• [Problem to solve]: Start at the line in the entries below that contains "2) hard drive [527,0,639,127]", stop at the line that contains "6) mixing bowl [0,77,163,355]", and output exactly the lines in that span, both ends included.
Start of Records to use
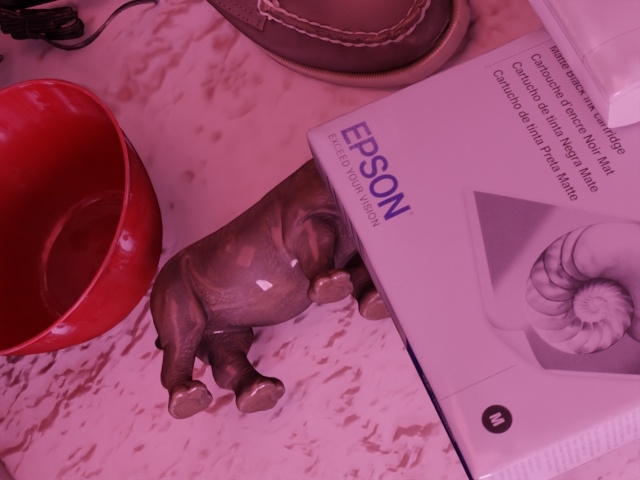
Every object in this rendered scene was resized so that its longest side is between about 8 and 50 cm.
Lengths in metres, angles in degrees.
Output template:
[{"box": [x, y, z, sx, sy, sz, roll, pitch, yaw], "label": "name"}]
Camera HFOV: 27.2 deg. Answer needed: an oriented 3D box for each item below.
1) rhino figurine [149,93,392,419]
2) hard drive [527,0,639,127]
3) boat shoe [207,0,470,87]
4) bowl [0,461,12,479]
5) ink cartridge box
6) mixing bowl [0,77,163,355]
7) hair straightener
[{"box": [0.000, 0.000, 0.765, 0.243, 0.073, 0.106, -37, 49, 8], "label": "rhino figurine"}, {"box": [0.181, -0.219, 0.731, 0.203, 0.040, 0.307, -22, 60, -4], "label": "hard drive"}, {"box": [-0.044, -0.201, 0.855, 0.324, 0.097, 0.116, 38, 91, 35], "label": "boat shoe"}, {"box": [-0.249, 0.212, 0.835, 0.142, 0.053, 0.142, -44, 55, 9], "label": "bowl"}, {"box": [0.135, -0.011, 0.666, 0.224, 0.045, 0.223, -24, 59, -3], "label": "ink cartridge box"}, {"box": [-0.168, -0.001, 0.846, 0.181, 0.098, 0.181, -12, 66, 27], "label": "mixing bowl"}, {"box": [-0.222, -0.166, 0.984, 0.230, 0.047, 0.089, 4, 81, 26], "label": "hair straightener"}]
End of Records to use
• [Exercise solution]:
2) hard drive [527,0,639,127]
3) boat shoe [207,0,470,87]
4) bowl [0,461,12,479]
5) ink cartridge box
6) mixing bowl [0,77,163,355]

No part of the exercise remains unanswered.